Regardless of the mechanism underlying this increased BT, it raises the question of the safety of the GOS/inulin for newborn infants. The consequences of BT on the host health are not fully understood. BT has long been considered detrimental, particularly in preterm infants, as it has been directly involved in the pathogenesis of necrotizing enterocolitis, along with several other factors (27). Yet, until now, supplementation of infant formulas with GOS/inulin has not been associated with adverse effects in full-term nor in preterm infants (28). If an increased BT associated to the supplementation of GOS/inulin were to be confirmed in infants, this effect might not necessarily be harmful. Indeed, in neonatal animals (29), as well as in human infants (30), a high incidence of BT has been reported to occur naturally, without any obvious adverse consequences. Since the occurrence of BT paralleled the development of the gut-associated lymphoid tissue, the authors speculated that BT could be involved in the postnatal maturation of the immune system.

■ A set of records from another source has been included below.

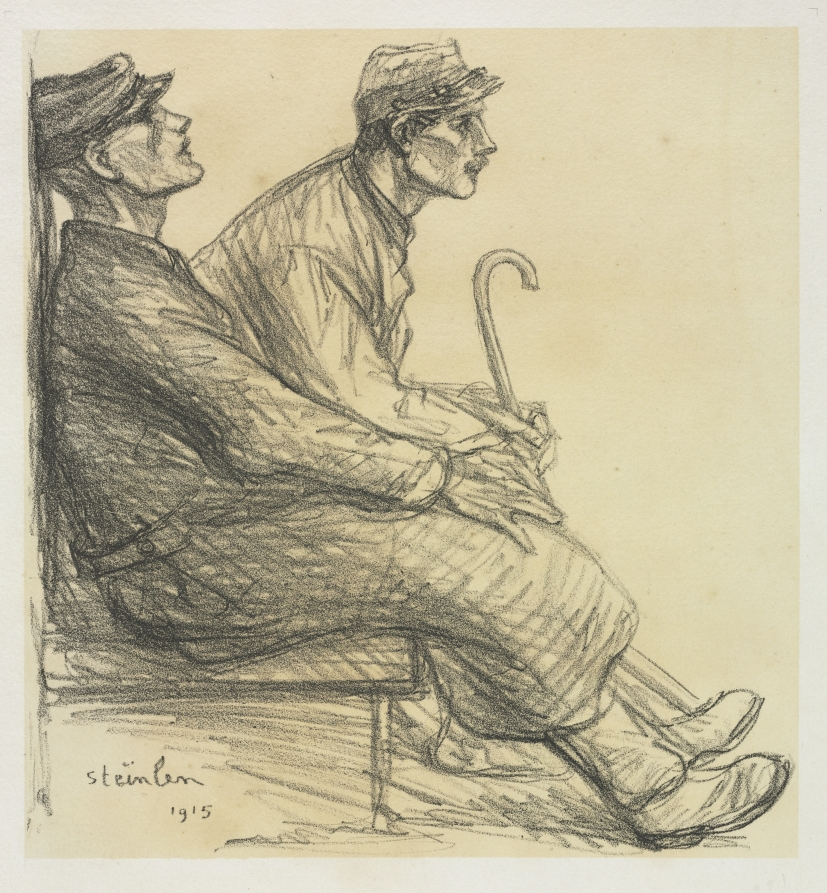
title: Convalescents
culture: Switzerland
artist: Théophile Alexandre Steinlen (Swiss, 1859–1923)
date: 1915
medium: lithograph
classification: Print
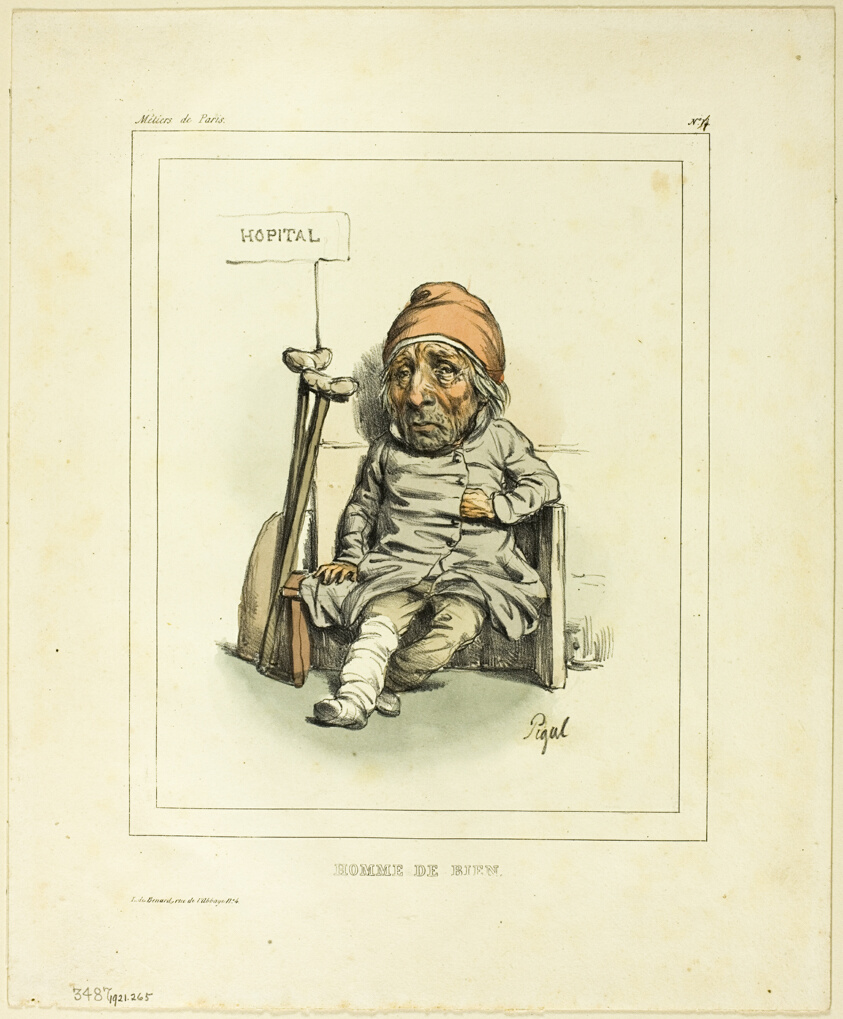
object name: Print
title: Good Man
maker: Edmé Jean Pigal (French, 1798-1872); published by chez Aubert (French, 19th century); printed by Bénard (French, 19th century)
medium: Lithograph, with hand-coloring, on ivory wove paper
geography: France
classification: lithograph; print; prints and drawing
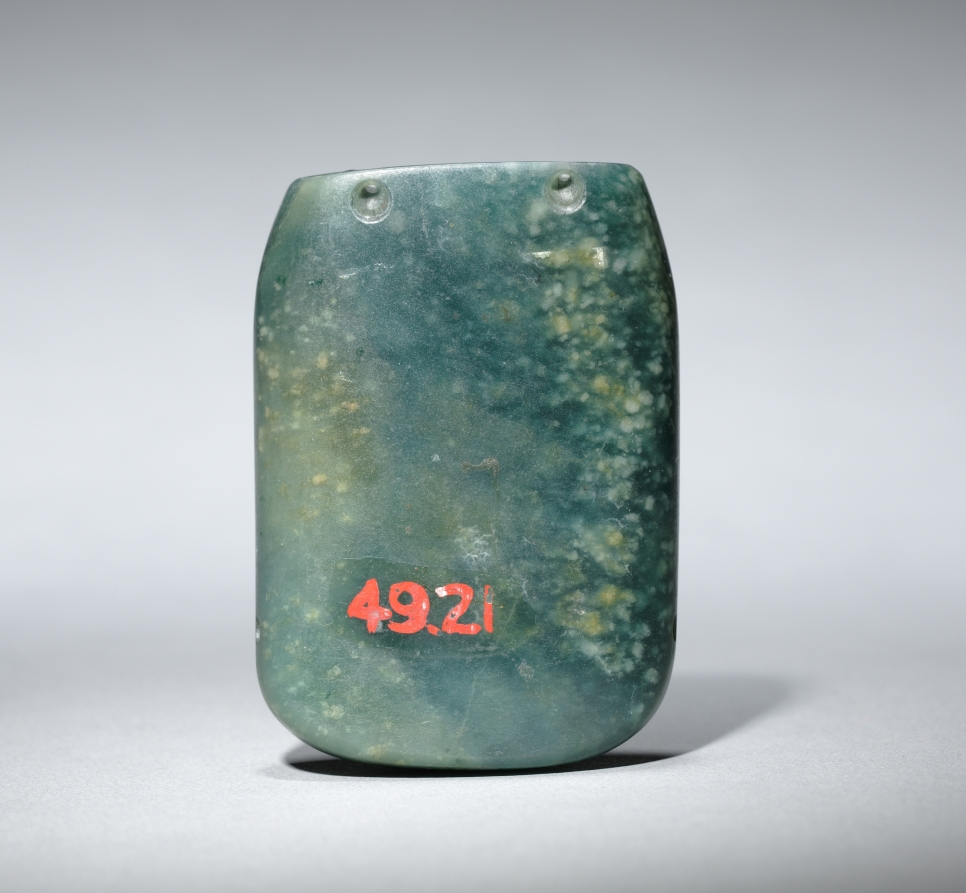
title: Small Mask Ornament
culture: Mesoamerica, Mexico, Olmec
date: c. 900–300 BCE
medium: jadeite
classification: Jade
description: Side and overhead views of a shaft tomb. Photo from Ancient West Mexico, p. 41, The Art Institute of Chicago, 1998
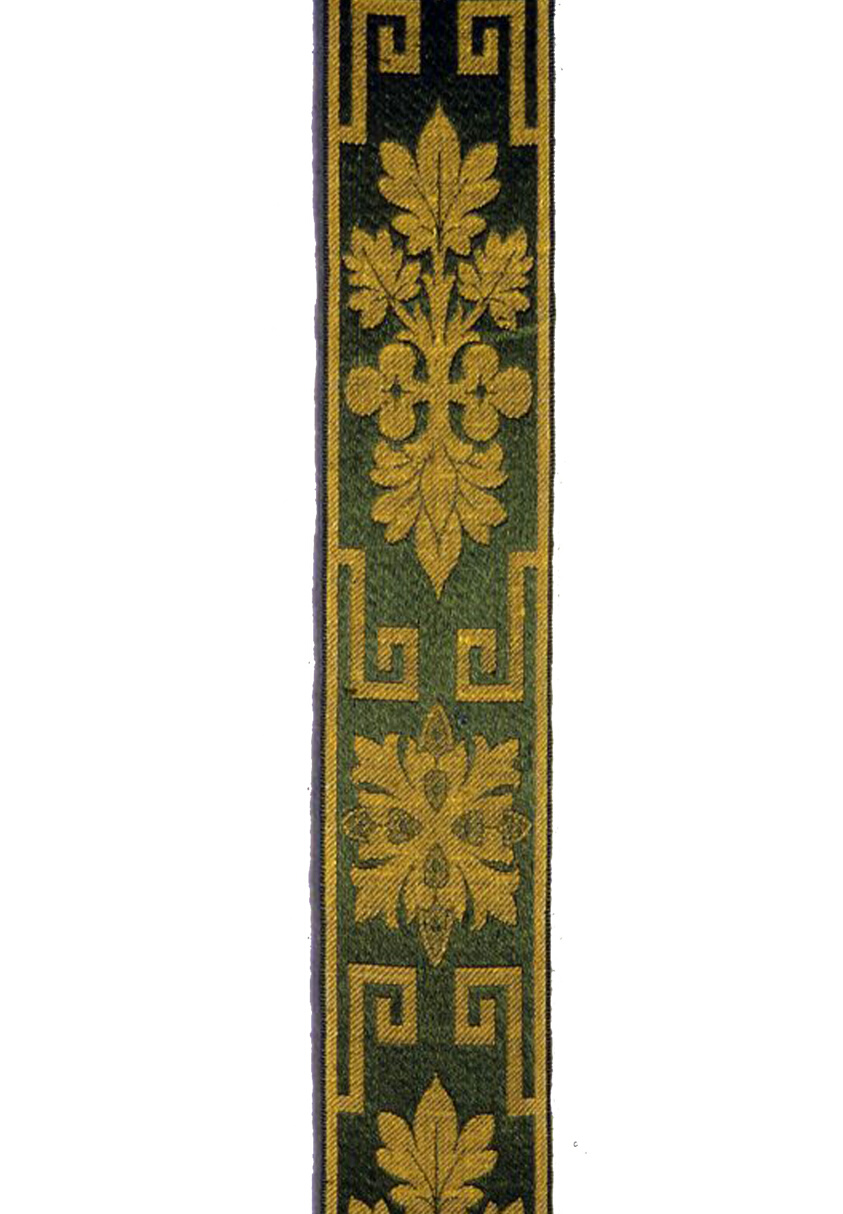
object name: Textile
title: Border or Ribbon
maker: France
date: 1860s
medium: Silk and cotton, warp-float faced satin weave with supplementary patterning wefts tied by supplementary binding warps in a twill interlacing (lampas)
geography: France
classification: textile; weaving
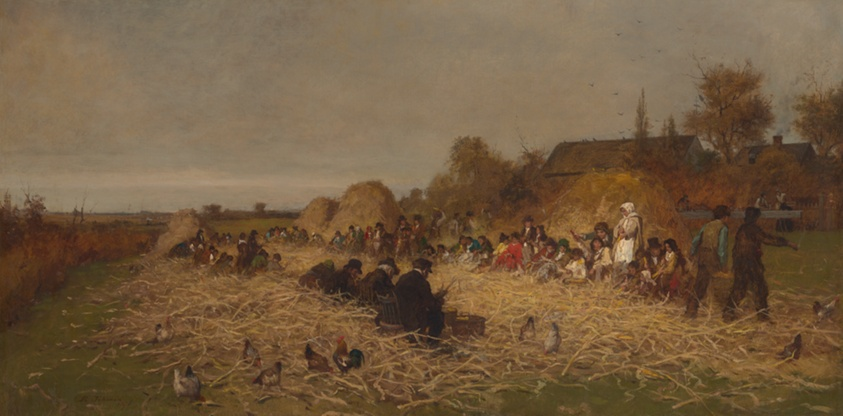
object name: Painting
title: Husking Bee, Island of Nantucket
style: Realism
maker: Eastman Johnson (American, 1824–1906)
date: 1876
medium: Oil on canvas
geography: Nantucket Island
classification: painting; american arts
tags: landscapes, animals
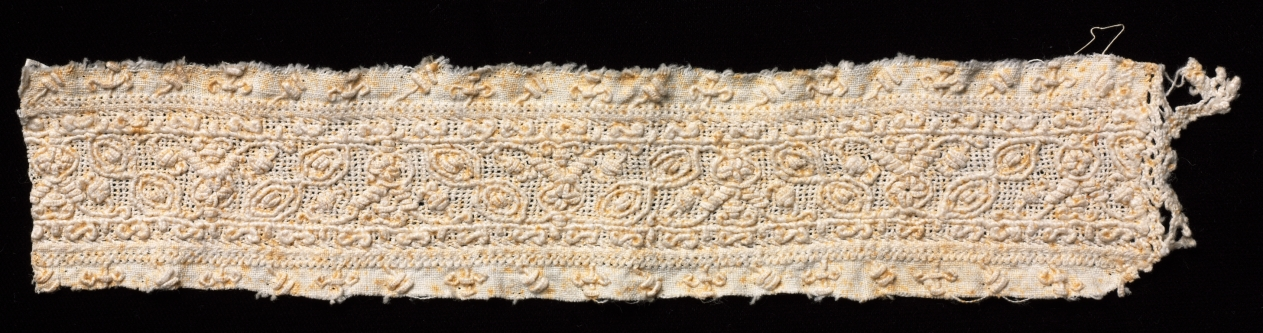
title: Fragment of a Band with Abstract Pattern
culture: Italy, Venice
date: 1500s
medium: Bleached linen: needle lace, burato (twined ground and darned in one direction)
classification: Lace
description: In the buratto technique, the background pattern, known as the ground, is created by threads twined together. The tight twining on this ground contributes to the intricacy of the meandering geometric patterns.
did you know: The word lace derives from the Latin laqueus, meaning noose.
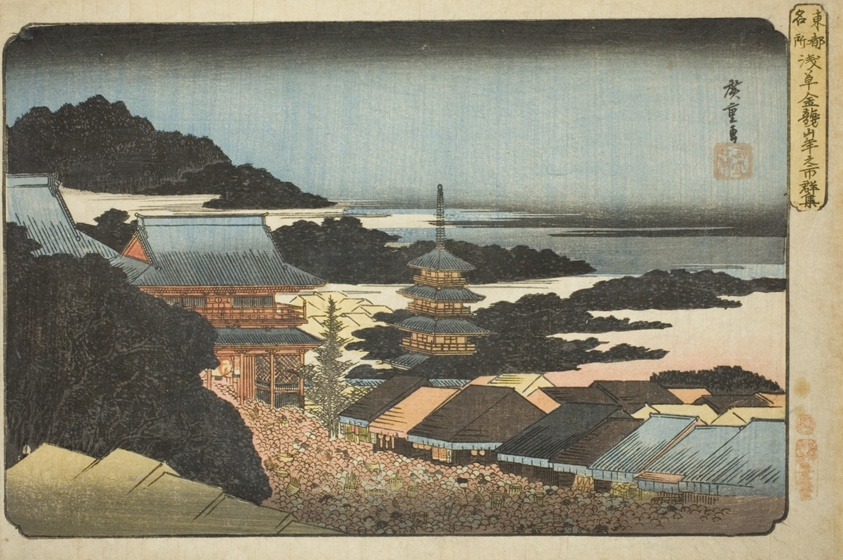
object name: Print
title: Crowds at the Year-end Fair at Kinryuzan Temple in Asakusa (Asakusa Kinryuzan toshi no ichi gunshu), from the series "Famous Places in the Eastern Capital (Toto meisho)"
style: Japanese (culture or style)
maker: Utagawa Hiroshige 歌川 広重; Japanese, 1797-1858
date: c. 1832/38
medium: Color woodblock print; oban
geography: Japan
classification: woodblock print; print; asian art
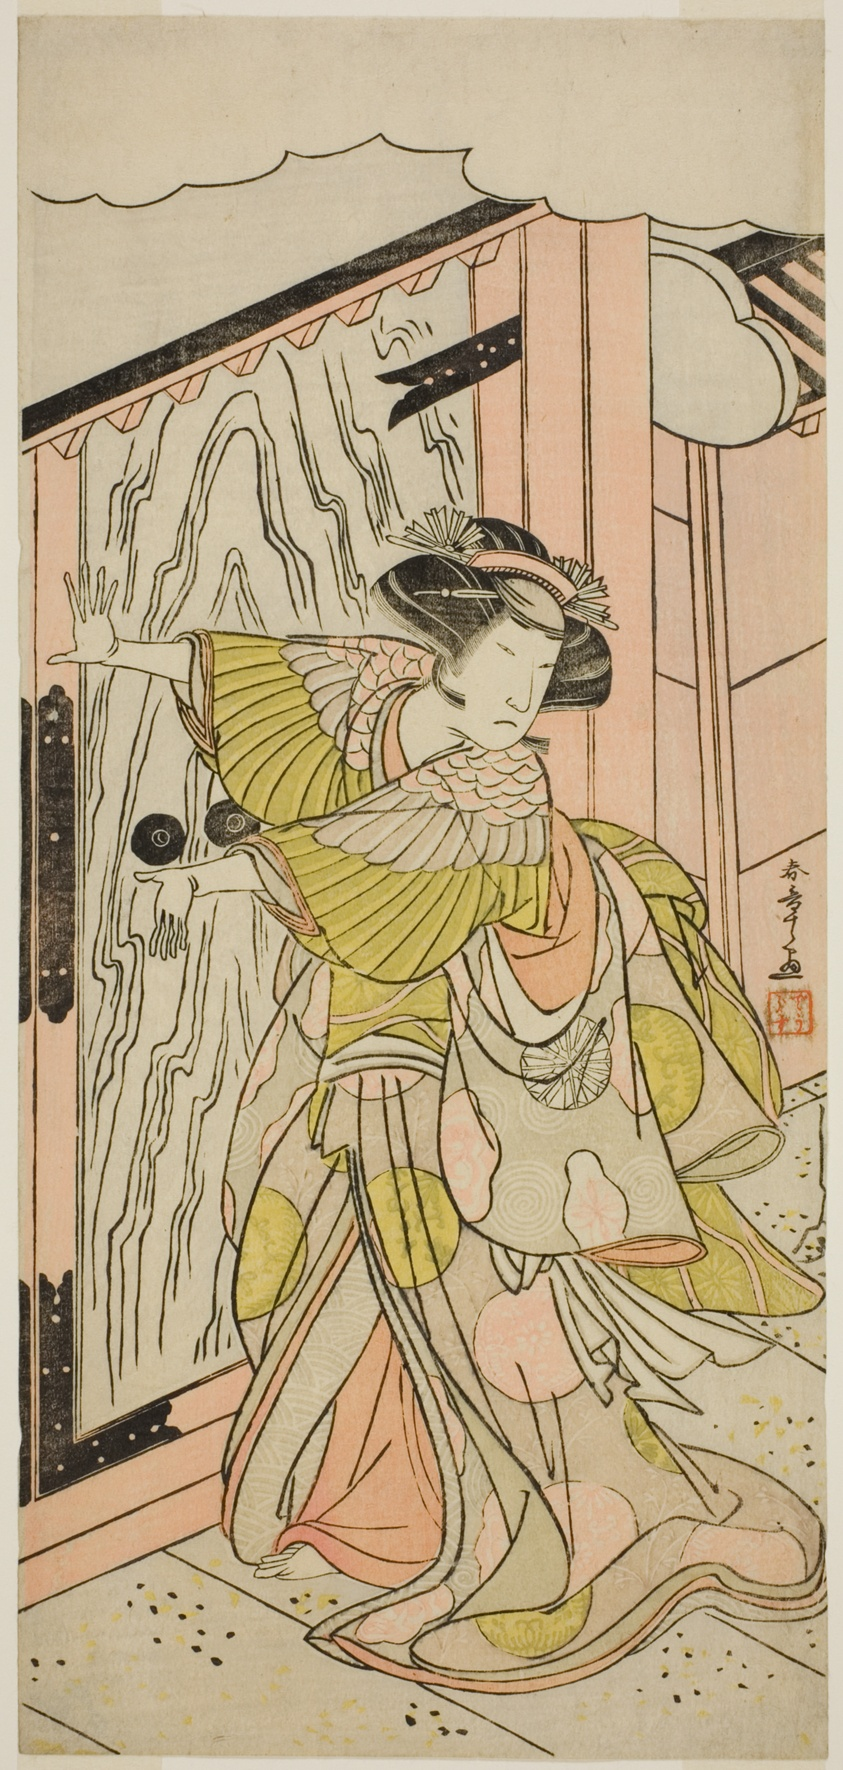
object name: Print
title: The Actor Nakamura Tomijuro I as Lady Hangaku (Hangaku Gozen) in the Play Wada-gassen Onna Maizuru, Performed at the Nakamura Theater in the Seventh Month, 1777
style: Japanese (culture or style)
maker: Katsukawa Shunsho 勝川 春章; Japanese, 1726-1792
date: c. 1777
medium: Color woodblock print; hosoban
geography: Japan
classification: woodblock print; print; asian art
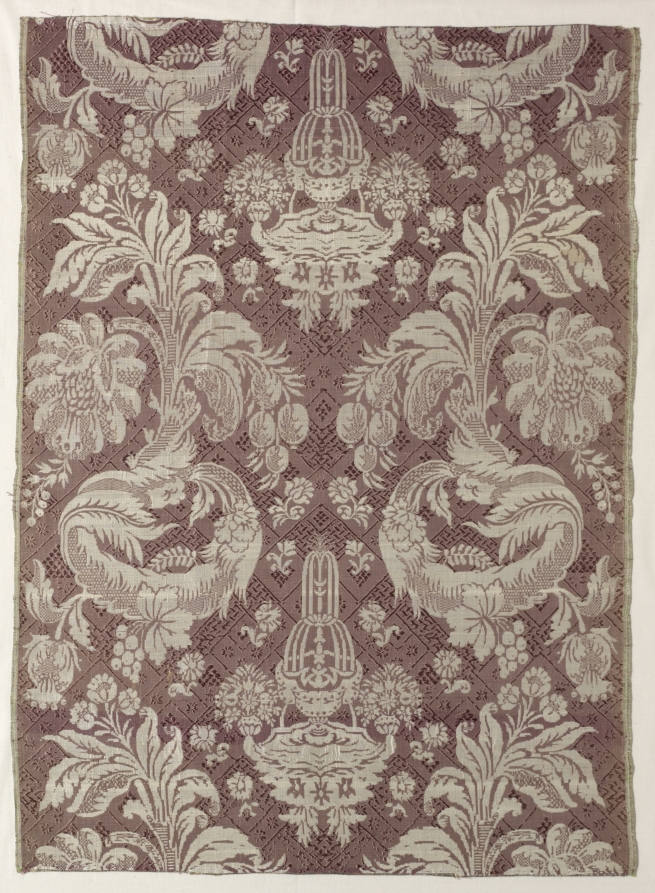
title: Length of Textile
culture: France or Italy
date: early 1700s
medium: silk with supplementary weft brocading
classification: Textile
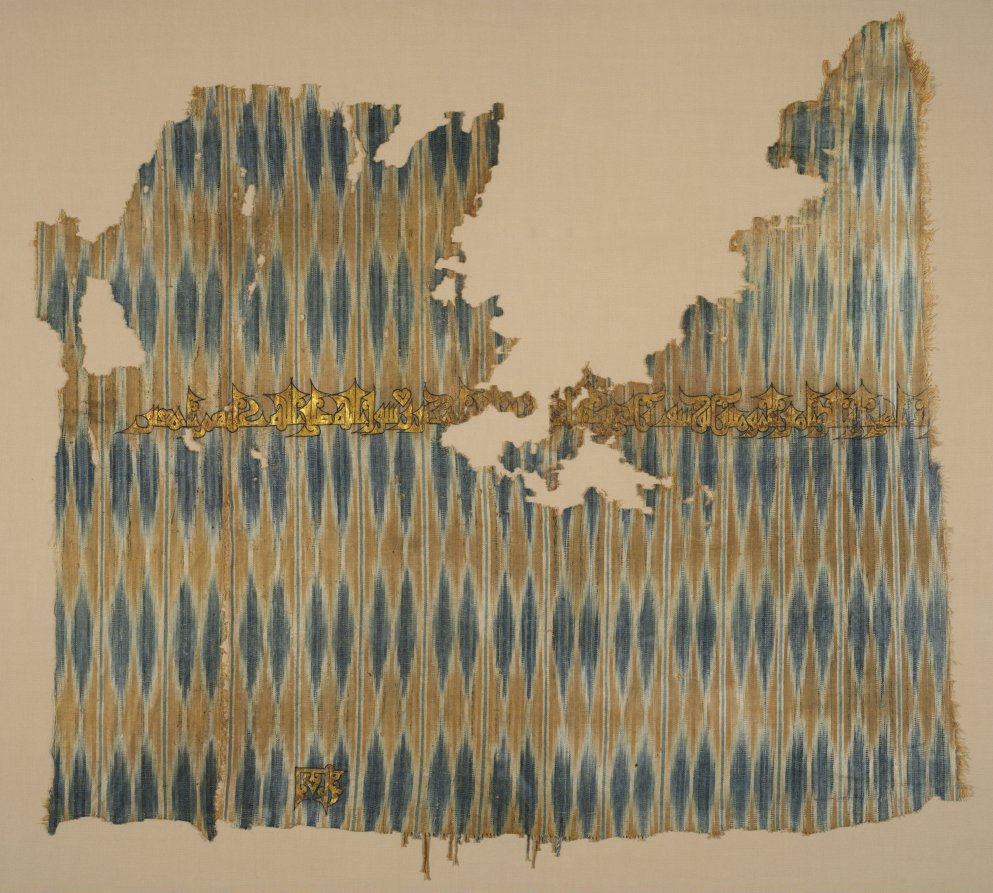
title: Ikat tiraz
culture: Yemen, San'a', Zaydi Imam period
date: 960–80
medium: resist-dyed warp (ikat); plain weave with inscription: cotton and gold leaf
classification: Textile
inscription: Kufic inscription, translated as: ". . . [a]l-Dá'i ilá al-Haqq, Commander of the Believers, Yusuf b. Yahya b. al-Nasir li-Din Allah Ahmad, son of the apostle of God, may God bless them all." At the bottom, the word "to God" is inverted. "Yusuf ibn Yahya" ruled AD 968-998)
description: The "flame" pattern was dyed on the vertical warp threads before weaving began by tightly binding them to resist dye penetration, and repeated for each color. The process and fabric are called ikat, a Malaysian word which may have originated in South Arabia. Yemeni ikats with historical Arabic inscriptions from the 10th century are among the oldest known. This text, written in Kufic script with gold leaf outlined in black, identifies a ruler of the Yemen: ". . . [a]l-Da’i ila al-Haqq, Commander of the Believers, Yusuf b. Yahya b. al-Nasir li-Din Allah Ahmad, son of the apostle of God, may God bless the all." The Arabic phrase "to God" is inverted at the bottom.

In conclusion, using an animal model of artificial feeding we demonstrate that feeding with a GOS/inulin-enriched formula in the neonatal period enhances the metabolic activity of colonic microbiota, as observed in human infants (2), and increases BT toward spleen at d18 as well. This effect did not persist at d40, after 20 d of weaning with a normal, prebiotic-free, solid diet. The mechanisms underlying this increased BT are unclear, and do not reflect any obvious alteration in colonic barrier function. Further investigation of the effect of GOS/inulin on the small intestinal immune system is warranted to establish whether this stimulation of BT is beneficial to the maturation of the immune system.